• [Exercise brief] Identify and pull out each line of the entries in which "meters" occurs.

• [Items from a data source]
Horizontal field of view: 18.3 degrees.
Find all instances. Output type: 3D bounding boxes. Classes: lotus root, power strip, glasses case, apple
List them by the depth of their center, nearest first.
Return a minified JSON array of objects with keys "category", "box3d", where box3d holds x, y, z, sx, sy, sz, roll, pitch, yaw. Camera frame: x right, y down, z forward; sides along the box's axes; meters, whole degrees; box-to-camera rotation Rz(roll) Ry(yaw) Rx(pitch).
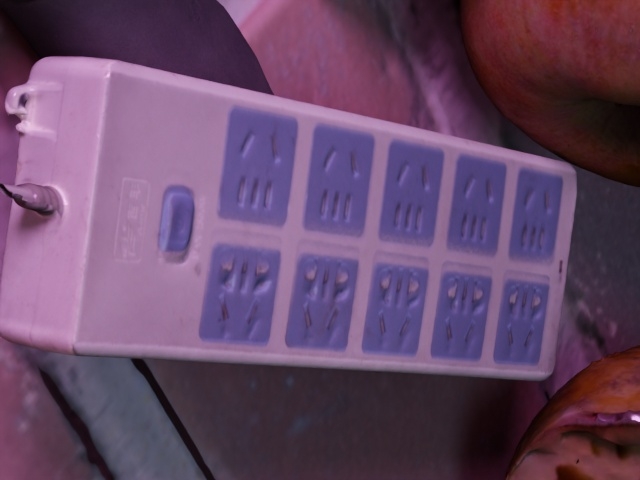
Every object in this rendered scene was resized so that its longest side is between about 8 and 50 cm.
[{"category":"glasses case","box3d":[-0.055,-0.058,0.801,0.190,0.042,0.072,55,51,-42]},{"category":"power strip","box3d":[0.000,0.000,0.810,0.367,0.043,0.106,7,89,-53]},{"category":"apple","box3d":[0.161,-0.122,0.920,0.188,0.188,0.174,37,66,-48]},{"category":"lotus root","box3d":[0.191,0.136,1.073,0.188,0.199,0.180,-55,-173,31]}]
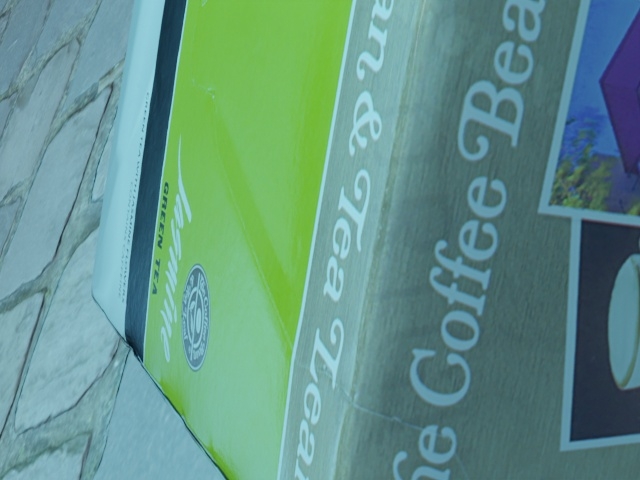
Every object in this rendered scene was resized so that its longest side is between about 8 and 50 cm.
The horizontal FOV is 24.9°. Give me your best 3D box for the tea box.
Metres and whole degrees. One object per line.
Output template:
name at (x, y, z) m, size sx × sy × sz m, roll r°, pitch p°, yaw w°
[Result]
tea box at (0.070, -0.083, 0.529) m, size 0.323 × 0.220 × 0.329 m, roll -142°, pitch 61°, yaw -67°
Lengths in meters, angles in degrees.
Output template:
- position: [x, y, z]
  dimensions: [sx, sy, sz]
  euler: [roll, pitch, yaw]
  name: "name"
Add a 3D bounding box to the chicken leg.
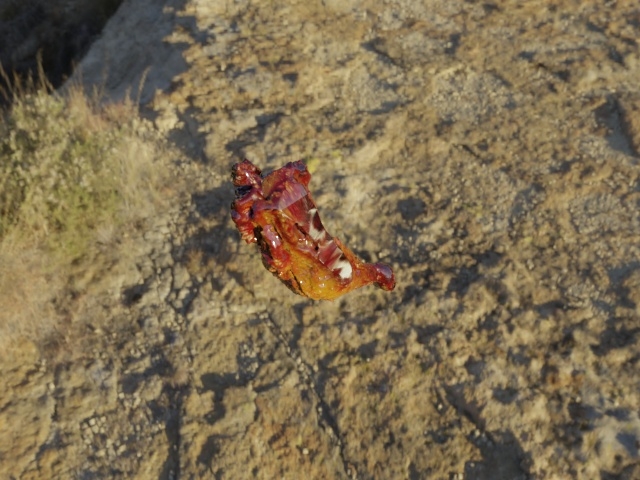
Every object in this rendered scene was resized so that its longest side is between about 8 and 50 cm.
- position: [-0.004, 0.004, 0.570]
  dimensions: [0.048, 0.219, 0.089]
  euler: [7, 60, 48]
  name: "chicken leg"

• [Result of this exercise]
Return a minified JSON array of objects with keys "category", "box3d", where box3d holds x, y, z, sx, sy, sz, roll, pitch, yaw. Camera frame: x right, y down, z forward; sides along the box's axes; meters, whole degrees; box-to-camera rotation Rz(roll) Ry(yaw) Rx(pitch).
Lengths in meters, angles in degrees.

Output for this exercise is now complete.